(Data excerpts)

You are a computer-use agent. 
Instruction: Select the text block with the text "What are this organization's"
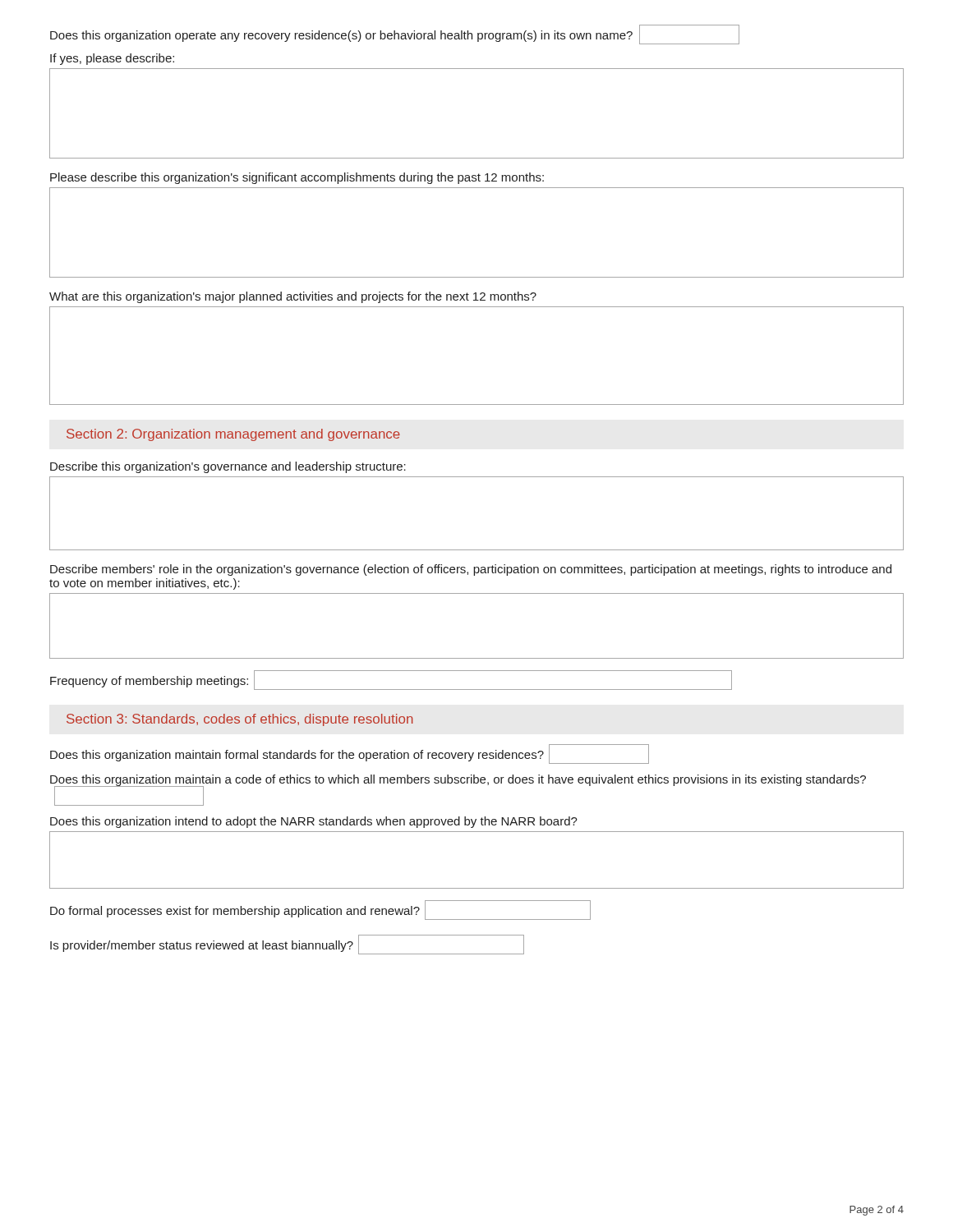(293, 296)
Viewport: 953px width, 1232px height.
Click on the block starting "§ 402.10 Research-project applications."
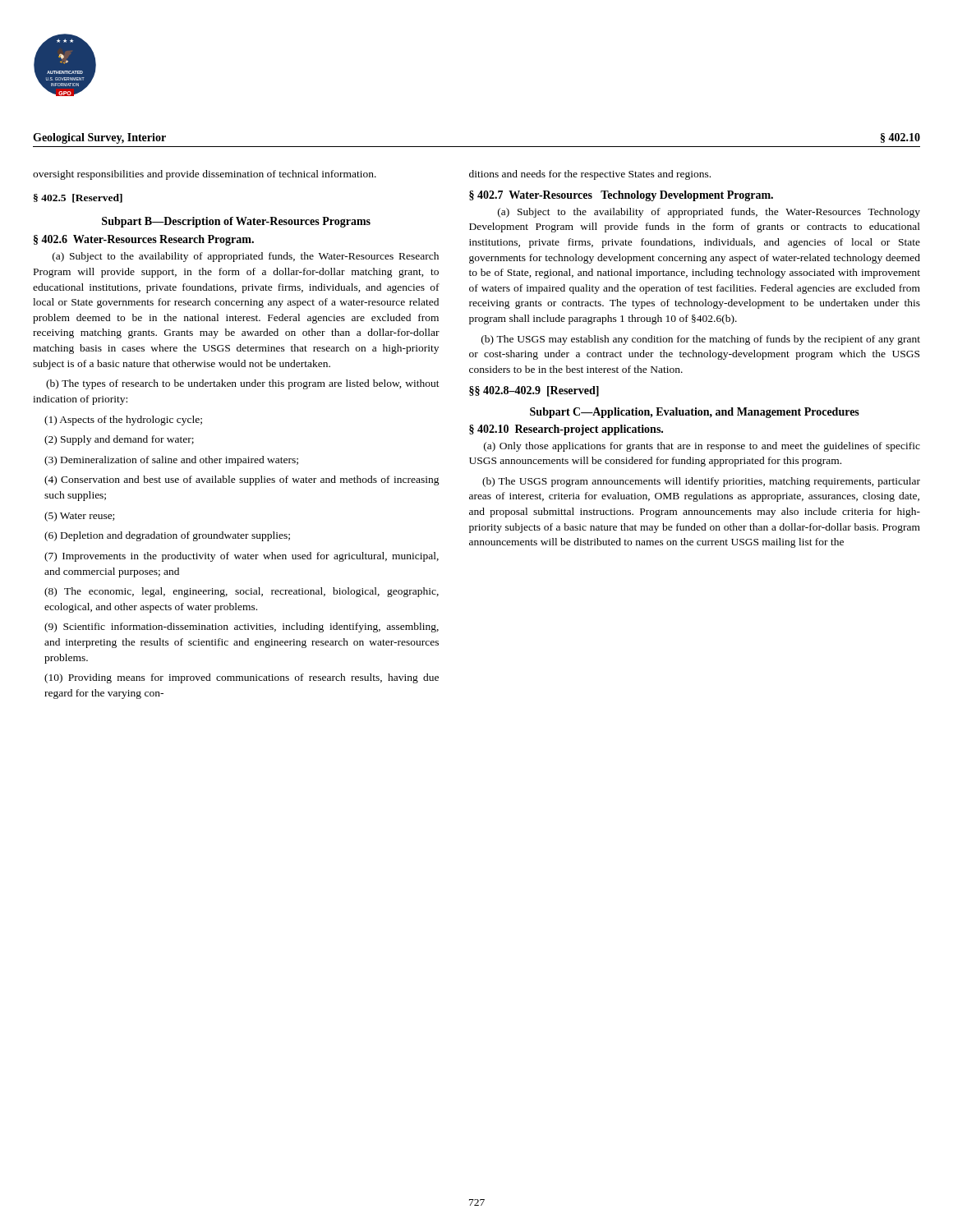pyautogui.click(x=566, y=429)
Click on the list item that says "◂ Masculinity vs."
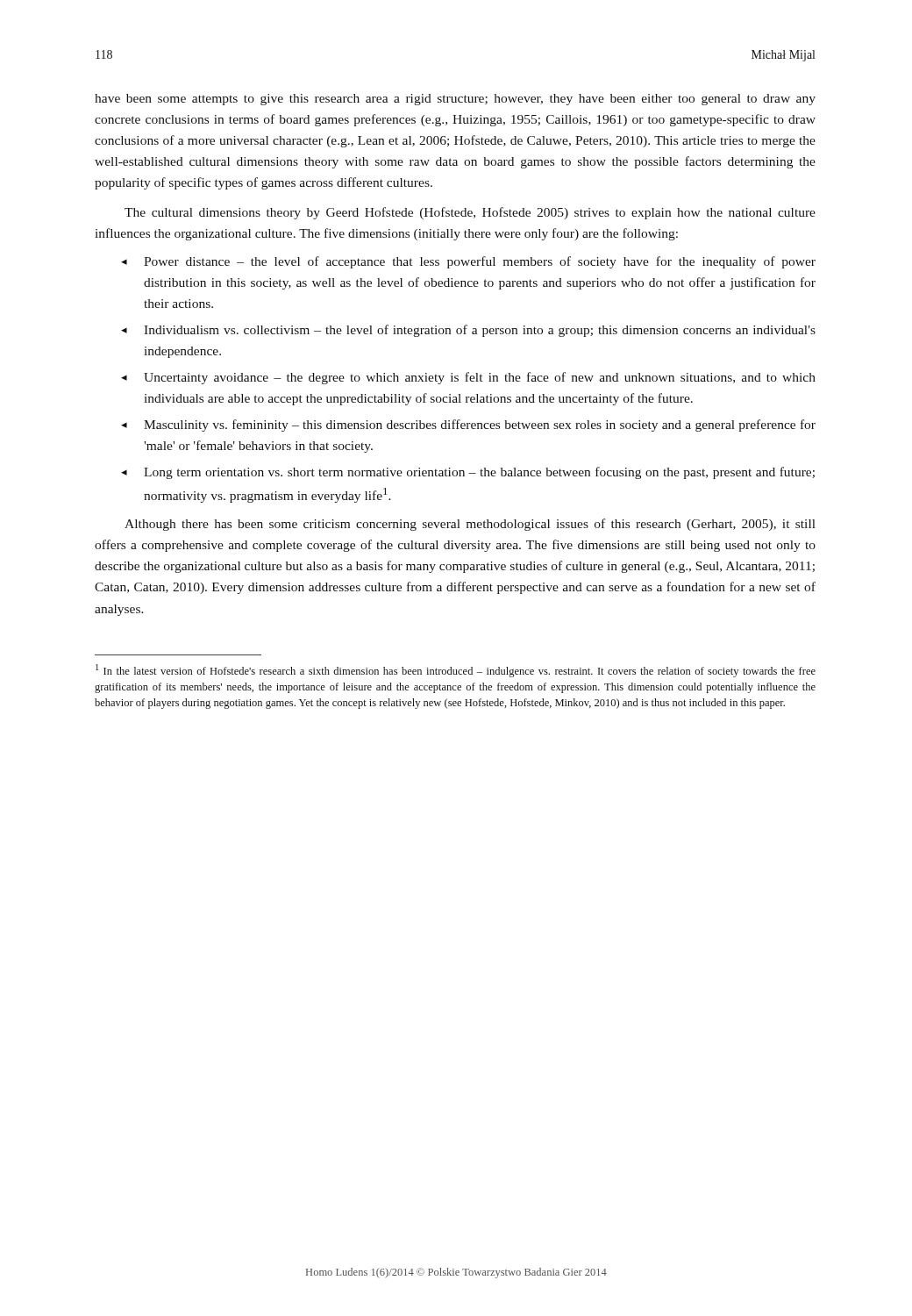The image size is (912, 1316). (x=455, y=435)
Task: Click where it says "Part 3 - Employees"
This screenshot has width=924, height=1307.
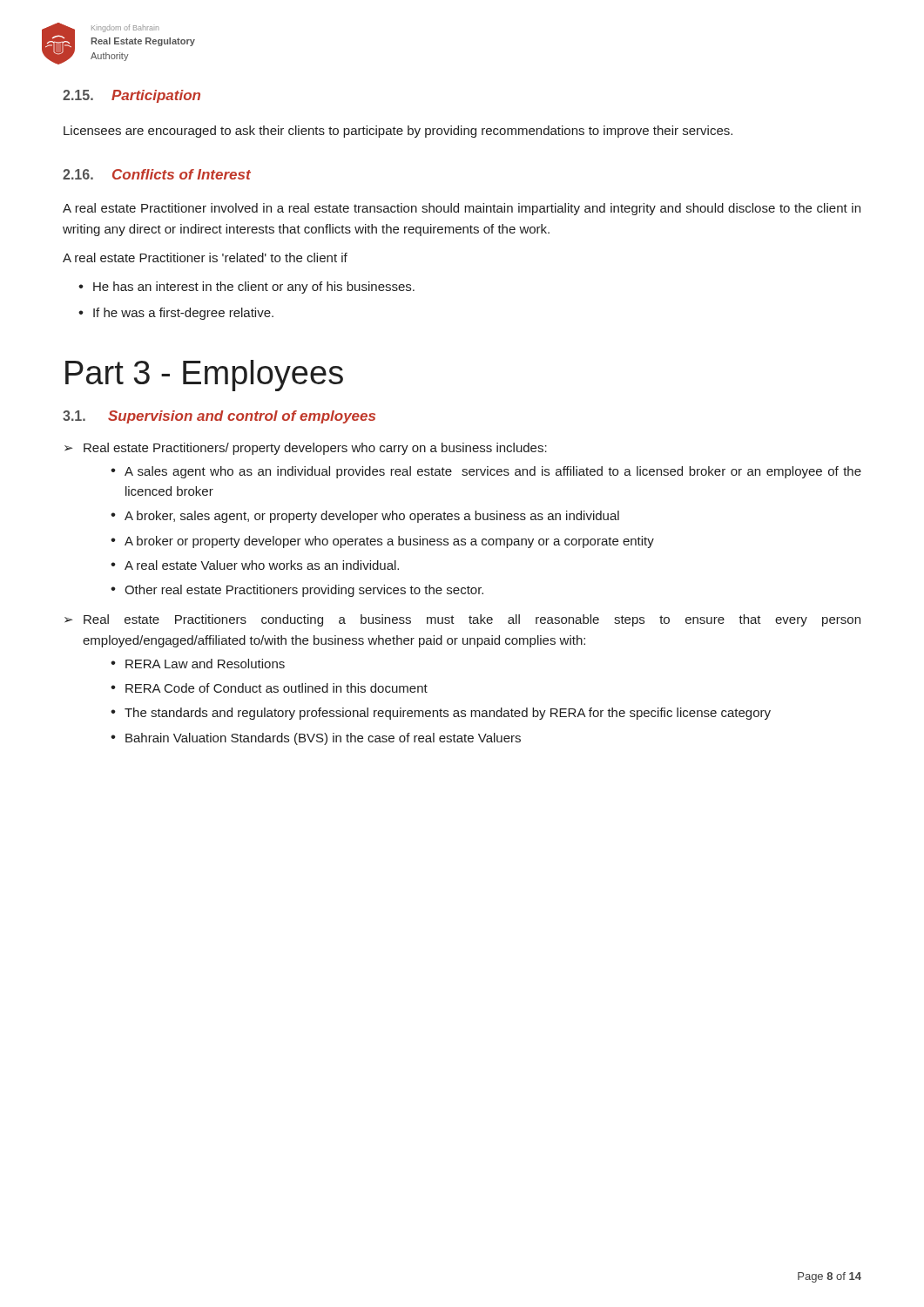Action: (x=203, y=373)
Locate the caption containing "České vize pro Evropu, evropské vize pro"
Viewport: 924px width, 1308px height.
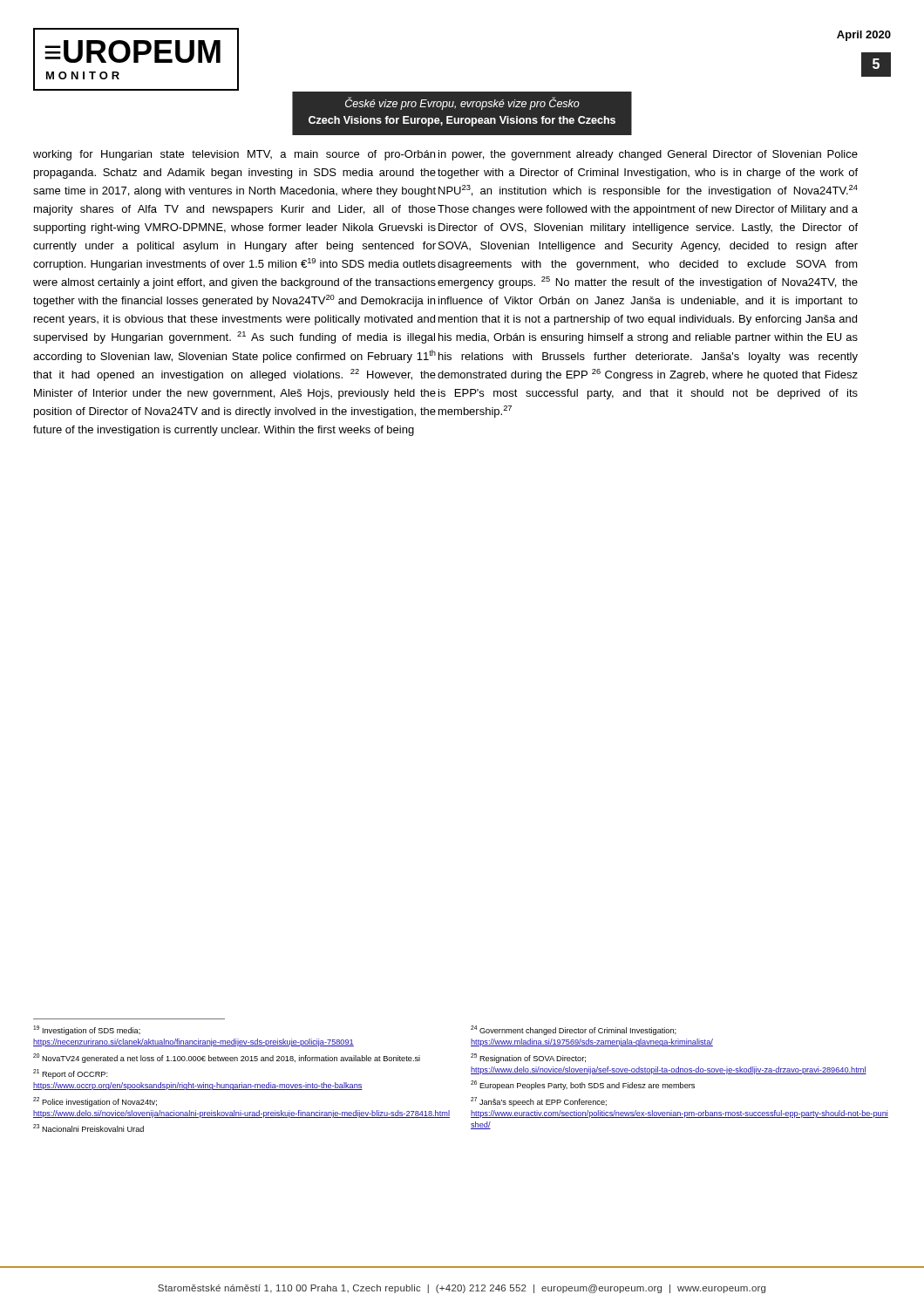click(462, 113)
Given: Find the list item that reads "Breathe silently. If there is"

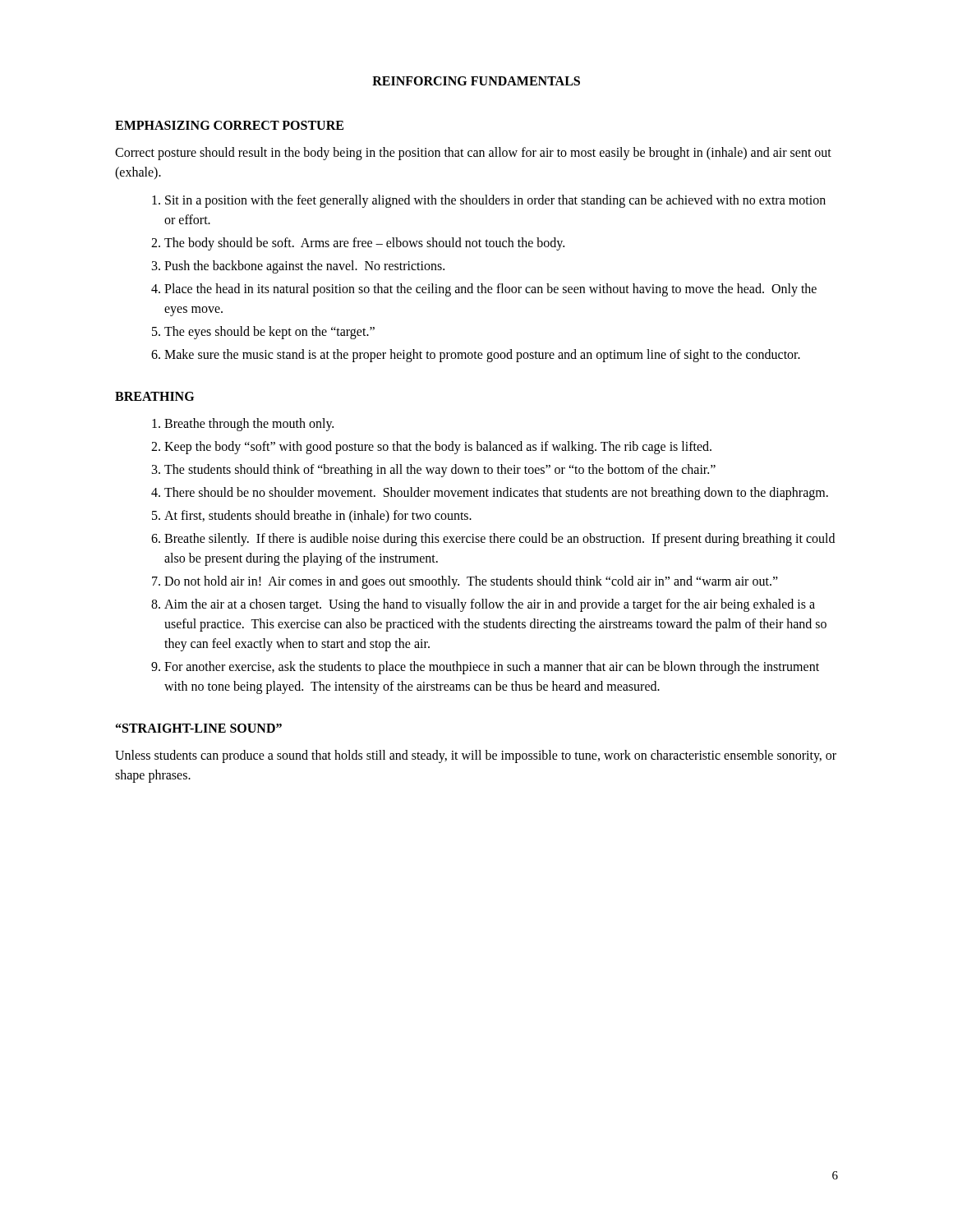Looking at the screenshot, I should (500, 548).
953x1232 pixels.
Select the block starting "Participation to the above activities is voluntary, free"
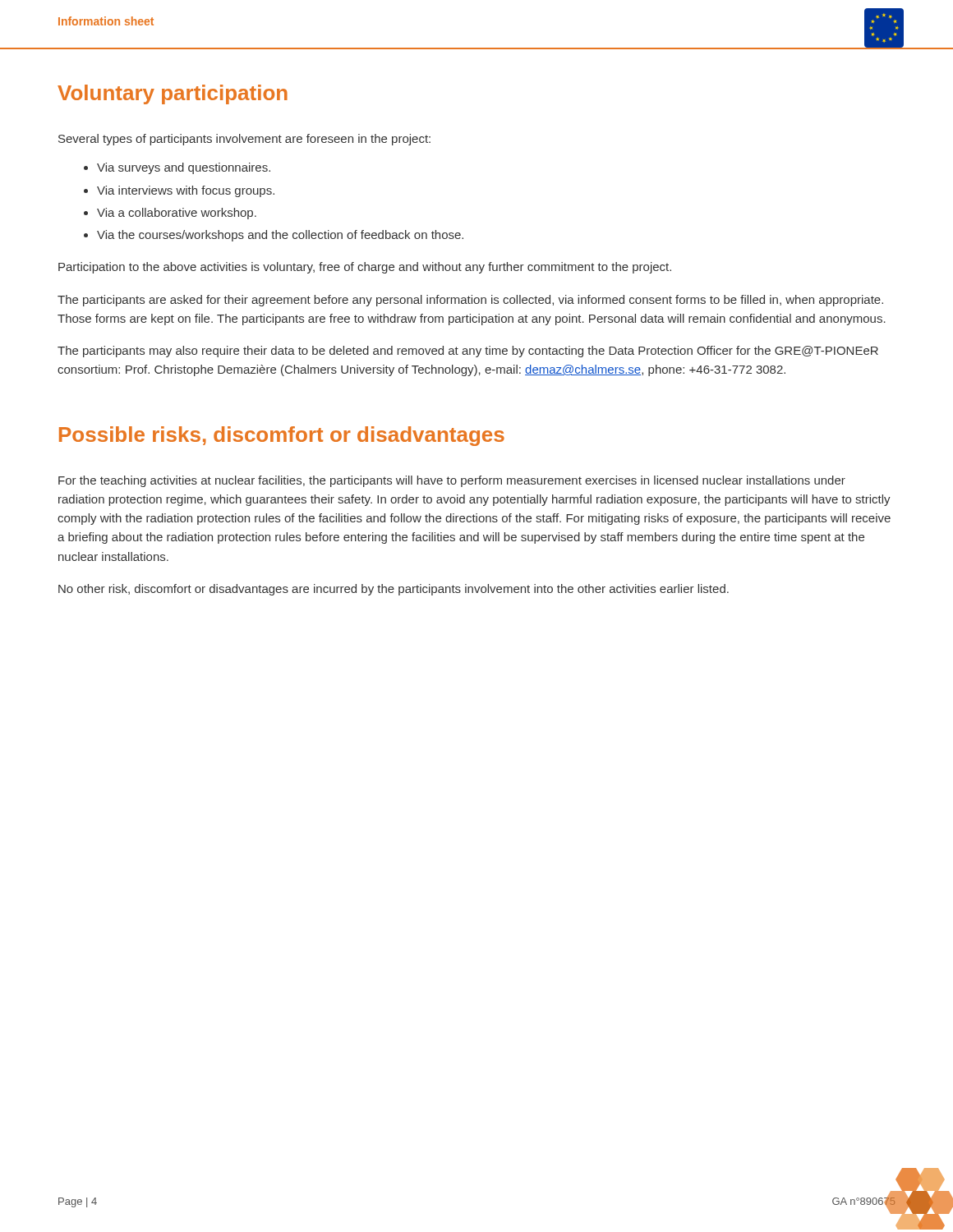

REQUIREMENT :: The response is to contain exactly the lines from the beginning of the data through the line containing "Task: Click where", both ends included, and nothing else; omit the pictures.

ANSWER SECTION ::
You are a computer-use agent. 
Instruction: Select the text block with the text "What are this organization's"
(293, 296)
Viewport: 953px width, 1232px height.
Click on the block starting "§ 402.10 Research-project applications."
pyautogui.click(x=566, y=429)
Click on the list item that says "◂ Masculinity vs."
The image size is (912, 1316). (x=455, y=435)
Task: Click where it says "Part 3 - Employees"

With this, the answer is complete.